Wyeth Pharmaceuticals, a division of Wyeth, announced that it has assumed all marketing and distribution rights to BeneFIX Coagulation Factor IX (Recombinant) in Europe.
This transfer of responsibility follows the planned June 30, 2007 conclusion of a 10-year distribution rights agreement between Baxter Healthcare Corporation and Genetics Institute. Genetics Institute was acquired by Wyeth in 1996. Representatives of Wyeth and Baxter have worked closely together to ensure a structured transition between companies and an uninterrupted supply of BeneFIX to people with haemophilia B.
"We are pleased to broaden Wyeth's range of therapeutic offerings for the haemophilia community in Europe. We also have plans-pending European regulatory approval-to introduce new convenience enhancements to BeneFIX later this year," says Cavan Redmond, executive vice president & general manager, BioPharma Business Unit at Wyeth Pharmaceuticals.
Wyeth now manufactures and markets recombinant products for both haemophilia A and B in Europe, which are rare bleeding disorders.
In May 2007, Wyeth Pharmaceuticals received a positive opinion from the Committee for Medicinal Products for Human Use, the scientific committee of the European Medicines Agency, on new convenience enhancements to BeneFIX. The product enhancements are: a 2000 IU dosage strength vial, a needleless reconstitution device, a prefilled diluent syringe and a low 5 mL diluent volume for all dosage strengths.
Haemophilia B is a rare, inherited blood clotting disorder. People with haemophilia B are deficient in a key protein- factor IX- which is vital in the clotting mechanism to prevent bleeding. Haemophilia B is characterized by spontaneous haemorrhages or prolonged bleeding, typically into joints and soft tissue. Patients with haemophilia B are dependent on protein replacement therapy with factor IX.

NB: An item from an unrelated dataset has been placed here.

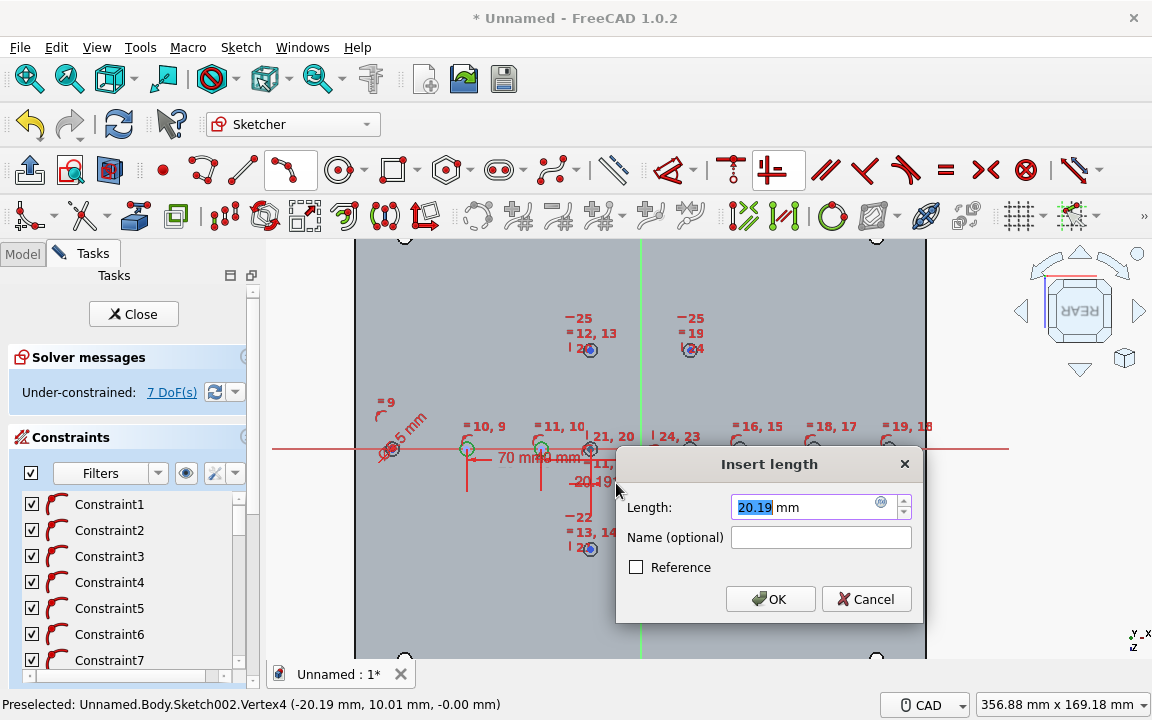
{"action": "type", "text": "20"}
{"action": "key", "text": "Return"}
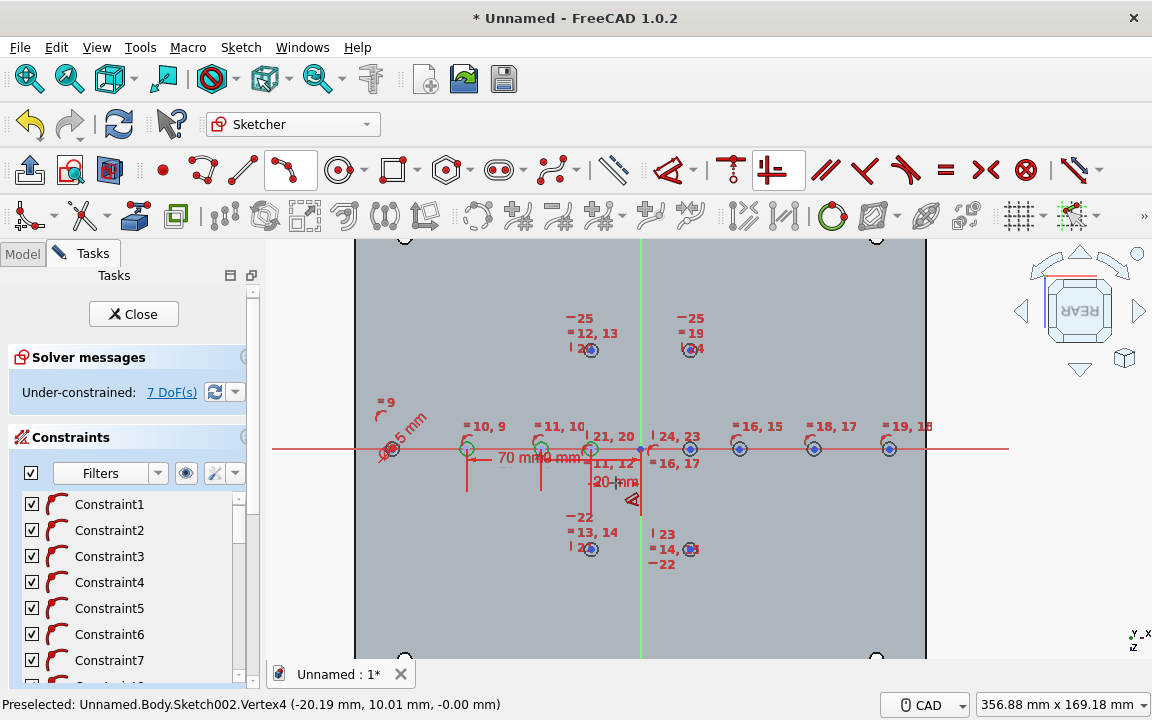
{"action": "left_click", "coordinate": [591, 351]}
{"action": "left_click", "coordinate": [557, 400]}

BeneFIX is indicated for the control and prevention of hemorrhagic episodes in patients with haemophilia B (congenital factor IX deficiency or Christmas disease), including control and prevention of bleeding in surgical settings.

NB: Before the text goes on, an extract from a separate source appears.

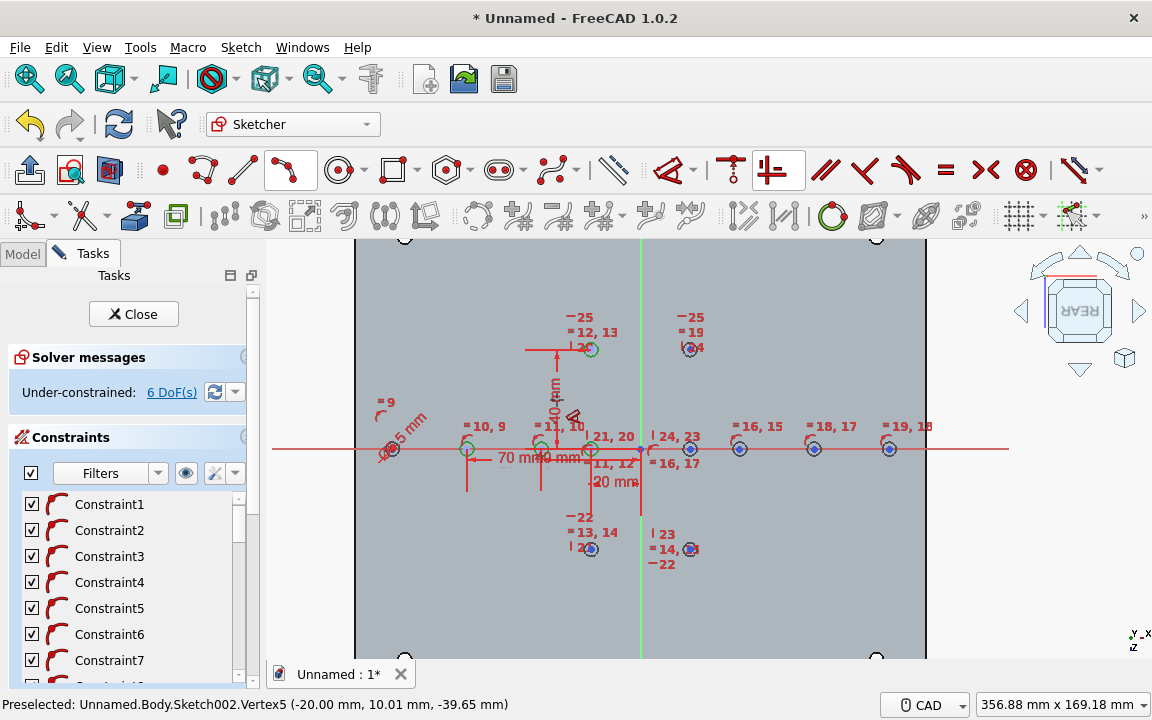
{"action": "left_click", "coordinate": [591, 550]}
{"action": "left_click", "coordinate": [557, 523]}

BeneFIX is not indicated for the treatment of other factor deficiencies (e.g., factors II, VII, VIII and X) nor the treatment of haemophilia A patients with inhibitors to factor VIII, nor the reversal of coumarin-induced anticoagulation, nor the treatment of bleeding due to low levels of liver-dependent coagulation factors.

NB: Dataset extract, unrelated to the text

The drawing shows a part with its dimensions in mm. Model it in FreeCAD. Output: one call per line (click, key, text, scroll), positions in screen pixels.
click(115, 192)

ReFacto Antihemophilic Factor (Recombinant) is indicated for the control and prevention of haemorrhagic episodes and for surgical prophylaxis and for short-term routine prophylaxis to reduce the frequency of spontaneous bleeding episodes in patients with haemophilia A. The effect of regular routine prophylaxis on long-term morbidity and mortality is unknown.